Image: Jack-up COSL Hunter - Illustration only.
On November 16, 2016, we learned from OffshoreEnergyToday the following:
Pressed by the lack of demand for drilling services, there have been talks of some drillers even going as far as chartering out rigs at below-breakeven day rates, to keep them busy. However, there is now a new development in the offshore drilling space.
Namely, Sirius Petroleum on Wednesday said it has hired a jack-up drilling rig from China's COSL Drilling, to be used for a drilling campaign offshore Nigeria.
Announcing the deal, Sirius said it had entered into a "key vendor financed offshore drilling contract" with COSL, whereby COSL would take payment for the charter at a later date.

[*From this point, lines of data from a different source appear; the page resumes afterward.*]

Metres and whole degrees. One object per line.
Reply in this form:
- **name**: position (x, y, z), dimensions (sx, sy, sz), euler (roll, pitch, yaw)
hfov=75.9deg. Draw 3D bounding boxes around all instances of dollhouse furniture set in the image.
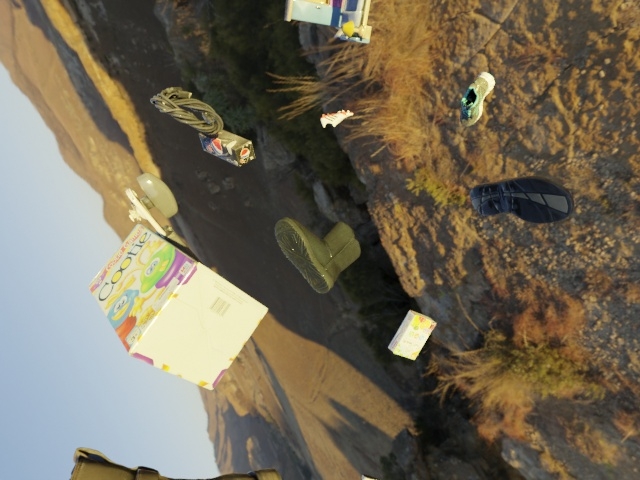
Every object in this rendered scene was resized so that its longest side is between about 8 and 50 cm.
- **dollhouse furniture set**: position (0.036, -0.767, 1.232), dimensions (0.303, 0.198, 0.286), euler (-124, 38, -55)

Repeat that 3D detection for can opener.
- **can opener**: position (-0.309, -0.008, 0.872), dimensions (0.074, 0.093, 0.280), euler (38, 158, 54)

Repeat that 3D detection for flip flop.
- **flip flop**: position (0.485, -0.105, 1.000), dimensions (0.277, 0.080, 0.112), euler (11, 119, 68)

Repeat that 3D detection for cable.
- **cable**: position (-0.310, -0.298, 0.963), dimensions (0.151, 0.047, 0.184), euler (39, -160, -7)

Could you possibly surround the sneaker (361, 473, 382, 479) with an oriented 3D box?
- **sneaker**: position (0.083, 0.403, 0.658), dimensions (0.040, 0.043, 0.109), euler (4, 152, 24)

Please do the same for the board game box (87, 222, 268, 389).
- **board game box**: position (-0.239, 0.091, 0.655), dimensions (0.275, 0.142, 0.144), euler (20, 161, 50)

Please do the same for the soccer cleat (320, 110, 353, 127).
- **soccer cleat**: position (0.042, -0.307, 1.037), dimensions (0.029, 0.084, 0.035), euler (-66, -32, -76)

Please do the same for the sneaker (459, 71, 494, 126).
- **sneaker**: position (0.410, -0.376, 1.126), dimensions (0.065, 0.076, 0.166), euler (42, 155, 24)

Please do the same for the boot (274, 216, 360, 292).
- **boot**: position (0.000, 0.000, 1.174), dimensions (0.094, 0.207, 0.246), euler (-22, 108, 43)

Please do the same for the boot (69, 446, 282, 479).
- **boot**: position (-0.130, 0.310, 0.352), dimensions (0.091, 0.229, 0.263), euler (-62, 30, 20)

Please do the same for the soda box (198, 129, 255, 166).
- **soda box**: position (-0.257, -0.258, 1.119), dimensions (0.169, 0.060, 0.053), euler (28, 141, 34)

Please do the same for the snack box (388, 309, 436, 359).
- **snack box**: position (0.290, 0.299, 1.298), dimensions (0.100, 0.141, 0.037), euler (25, -172, -29)
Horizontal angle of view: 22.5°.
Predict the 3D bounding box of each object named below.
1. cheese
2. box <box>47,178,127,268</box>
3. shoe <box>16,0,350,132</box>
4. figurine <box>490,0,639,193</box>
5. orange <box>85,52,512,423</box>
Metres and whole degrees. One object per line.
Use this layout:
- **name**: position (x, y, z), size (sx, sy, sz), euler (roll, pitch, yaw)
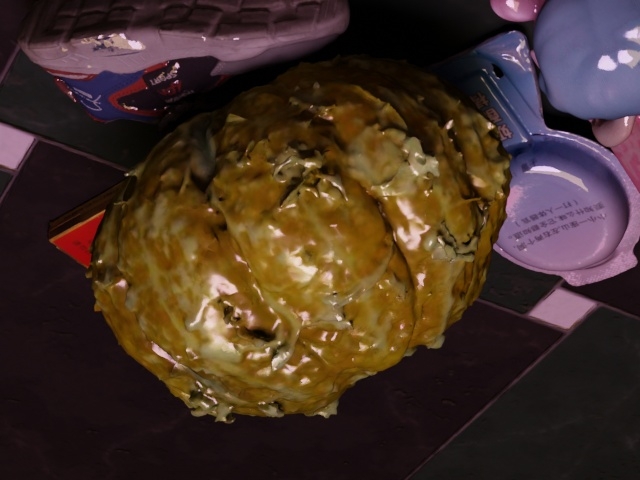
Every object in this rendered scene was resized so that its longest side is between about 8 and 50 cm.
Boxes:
- **cheese**: position (0.160, -0.052, 1.223), size (0.135, 0.052, 0.244), euler (-23, 123, 28)
- **box**: position (-0.142, -0.011, 1.297), size (0.133, 0.023, 0.090), euler (-26, 135, 27)
- **shoe**: position (-0.088, -0.120, 1.108), size (0.228, 0.099, 0.125), euler (-3, 131, 11)
- **figurine**: position (0.225, -0.087, 0.933), size (0.205, 0.102, 0.260), euler (-16, 142, 29)
- **orange**: position (0.000, 0.000, 1.115), size (0.301, 0.300, 0.223), euler (-30, 88, 20)
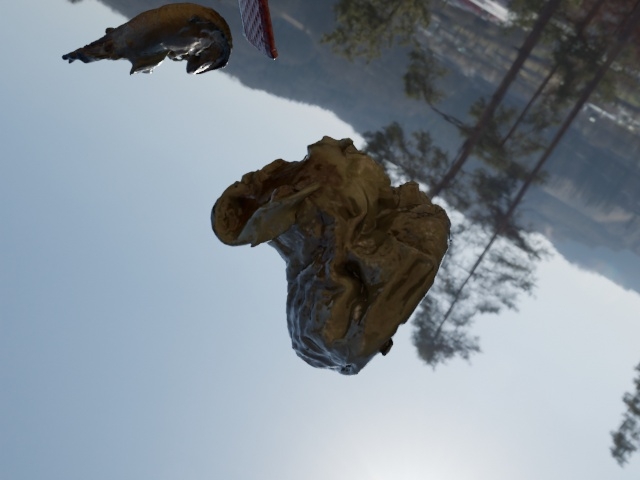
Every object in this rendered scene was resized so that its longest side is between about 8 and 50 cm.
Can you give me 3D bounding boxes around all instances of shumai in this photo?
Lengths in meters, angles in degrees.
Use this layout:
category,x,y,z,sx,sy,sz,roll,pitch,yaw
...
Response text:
category,x,y,z,sx,sy,sz,roll,pitch,yaw
shumai,0.000,0.000,0.850,0.262,0.267,0.314,37,-170,0

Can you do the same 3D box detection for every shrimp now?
category,x,y,z,sx,sy,sz,roll,pitch,yaw
shrimp,-0.246,-0.256,0.927,0.117,0.262,0.066,57,-147,-39

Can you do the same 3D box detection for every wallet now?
category,x,y,z,sx,sy,sz,roll,pitch,yaw
wallet,-0.095,-0.344,0.863,0.020,0.196,0.103,-22,-136,-16
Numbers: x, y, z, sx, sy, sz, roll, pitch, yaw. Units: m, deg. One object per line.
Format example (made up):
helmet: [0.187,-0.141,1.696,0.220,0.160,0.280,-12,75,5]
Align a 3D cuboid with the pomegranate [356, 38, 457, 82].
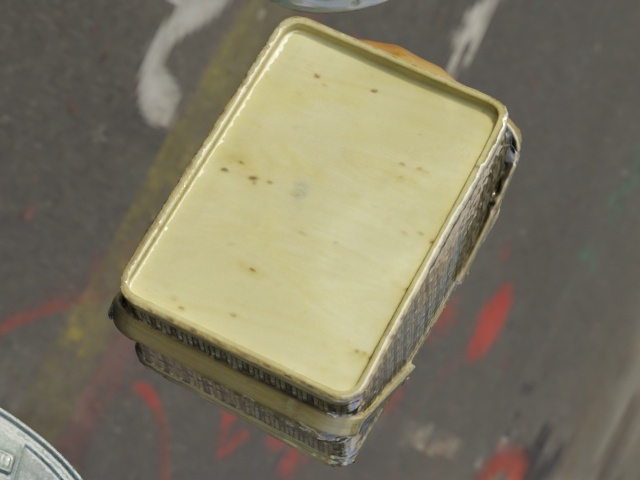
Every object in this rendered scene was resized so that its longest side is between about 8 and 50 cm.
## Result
pomegranate: [0.027,-0.047,1.399,0.207,0.207,0.207,-48,154,-33]

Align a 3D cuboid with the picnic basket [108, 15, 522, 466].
picnic basket: [0.000,0.000,0.795,0.164,0.115,0.079,-58,164,-22]

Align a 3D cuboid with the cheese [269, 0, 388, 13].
cheese: [0.037,-0.181,1.096,0.171,0.092,0.047,-31,142,-28]

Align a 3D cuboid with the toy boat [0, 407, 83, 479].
toy boat: [-0.291,0.159,1.361,0.092,0.319,0.141,-42,-152,47]
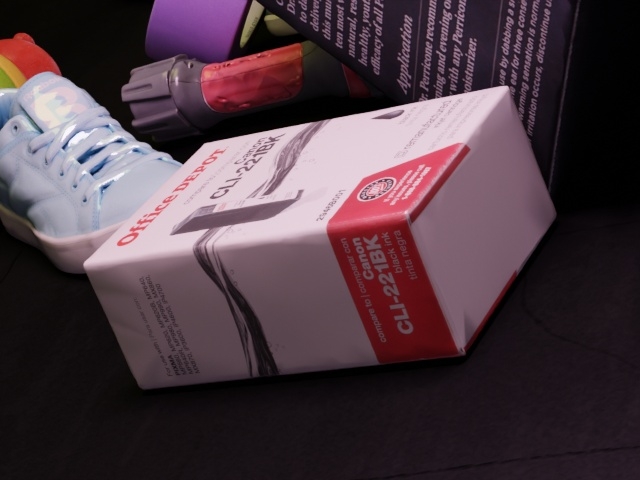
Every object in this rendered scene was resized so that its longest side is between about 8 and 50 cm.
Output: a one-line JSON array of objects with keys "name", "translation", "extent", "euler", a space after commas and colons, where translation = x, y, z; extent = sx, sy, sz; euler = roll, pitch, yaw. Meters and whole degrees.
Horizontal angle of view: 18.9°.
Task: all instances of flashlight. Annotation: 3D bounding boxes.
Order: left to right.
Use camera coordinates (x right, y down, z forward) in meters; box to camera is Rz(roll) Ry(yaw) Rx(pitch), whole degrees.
[{"name": "flashlight", "translation": [-0.046, -0.162, 1.832], "extent": [0.304, 0.103, 0.103], "euler": [-10, 27, 25]}]

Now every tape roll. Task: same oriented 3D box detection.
[{"name": "tape roll", "translation": [-0.087, -0.299, 1.980], "extent": [0.090, 0.274, 0.275], "euler": [23, 29, 1]}]

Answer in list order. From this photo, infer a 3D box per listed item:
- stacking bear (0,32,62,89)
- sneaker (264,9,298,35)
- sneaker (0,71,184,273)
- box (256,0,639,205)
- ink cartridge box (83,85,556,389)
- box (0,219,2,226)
[{"name": "stacking bear", "translation": [-0.375, -0.135, 2.033], "extent": [0.164, 0.175, 0.289], "euler": [-14, 15, 27]}, {"name": "sneaker", "translation": [0.045, -0.349, 2.130], "extent": [0.131, 0.148, 0.350], "euler": [-1, 29, 44]}, {"name": "sneaker", "translation": [-0.223, -0.070, 1.712], "extent": [0.135, 0.150, 0.366], "euler": [-34, 24, -27]}, {"name": "box", "translation": [0.179, -0.352, 1.531], "extent": [0.480, 0.297, 0.472], "euler": [-34, 58, -29]}, {"name": "ink cartridge box", "translation": [0.000, 0.000, 1.366], "extent": [0.273, 0.114, 0.197], "euler": [-10, 25, 32]}, {"name": "box", "translation": [-0.410, -0.063, 1.838], "extent": [0.147, 0.180, 0.077], "euler": [-16, 21, 15]}]
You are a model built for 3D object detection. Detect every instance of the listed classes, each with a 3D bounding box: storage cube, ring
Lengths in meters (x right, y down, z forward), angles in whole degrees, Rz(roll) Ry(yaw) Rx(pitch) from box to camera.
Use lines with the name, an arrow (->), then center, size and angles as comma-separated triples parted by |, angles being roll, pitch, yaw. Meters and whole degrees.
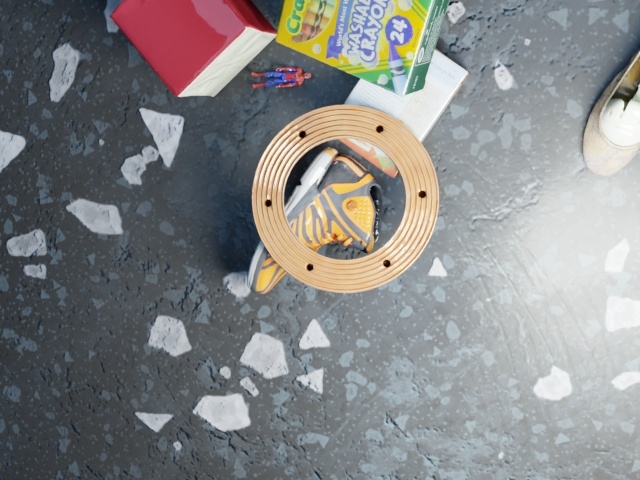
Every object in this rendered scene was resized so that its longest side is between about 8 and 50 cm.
storage cube -> -0.225, -0.396, 1.459 | 0.215, 0.184, 0.193 | -39, 89, 16
ring -> 0.044, -0.074, 1.429 | 0.337, 0.032, 0.336 | 0, 91, 5

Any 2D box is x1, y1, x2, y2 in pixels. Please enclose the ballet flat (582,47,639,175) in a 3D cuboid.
ballet flat -> 0.538, -0.253, 1.333 | 0.108, 0.106, 0.316 | 26, 105, 9

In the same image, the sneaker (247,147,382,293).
sneaker -> 0.000, 0.000, 1.499 | 0.180, 0.124, 0.321 | 35, 105, 7

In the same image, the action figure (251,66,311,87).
action figure -> -0.074, -0.310, 1.517 | 0.115, 0.030, 0.038 | -3, 94, 12

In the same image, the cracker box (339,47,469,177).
cracker box -> 0.142, -0.253, 1.452 | 0.156, 0.067, 0.232 | 36, 107, 6

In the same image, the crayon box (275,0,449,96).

Today's news was quite intriguing, and I must say a little bit unsettling. Although, innovation is frequently heralded as the engine of the "new economy", it has yet to be substantiated, when it comes to a new way to do business in offshore drilling, which is experiencing a one in a lifetime bear cycle, with a plethora of rigs that are rusting, idle and without a contract.
The concept was unveiled on Wednesday by Sirius Petroleum, which is focusing on O&G exploration and development opportunities in Nigeria.
Under the terms of the Vendor Finance Contract, COSL will extend delayed invoice and payment terms to Sirius which will have the effect, dependent on successful drilling, of deferring a significant portion of the cost of the rig until after the Company commences the production of hydrocarbons, but is otherwise on normal industry terms. The contract envisages a drilling programme on the Ororo Field and could be expanded to include other potential offshore assets.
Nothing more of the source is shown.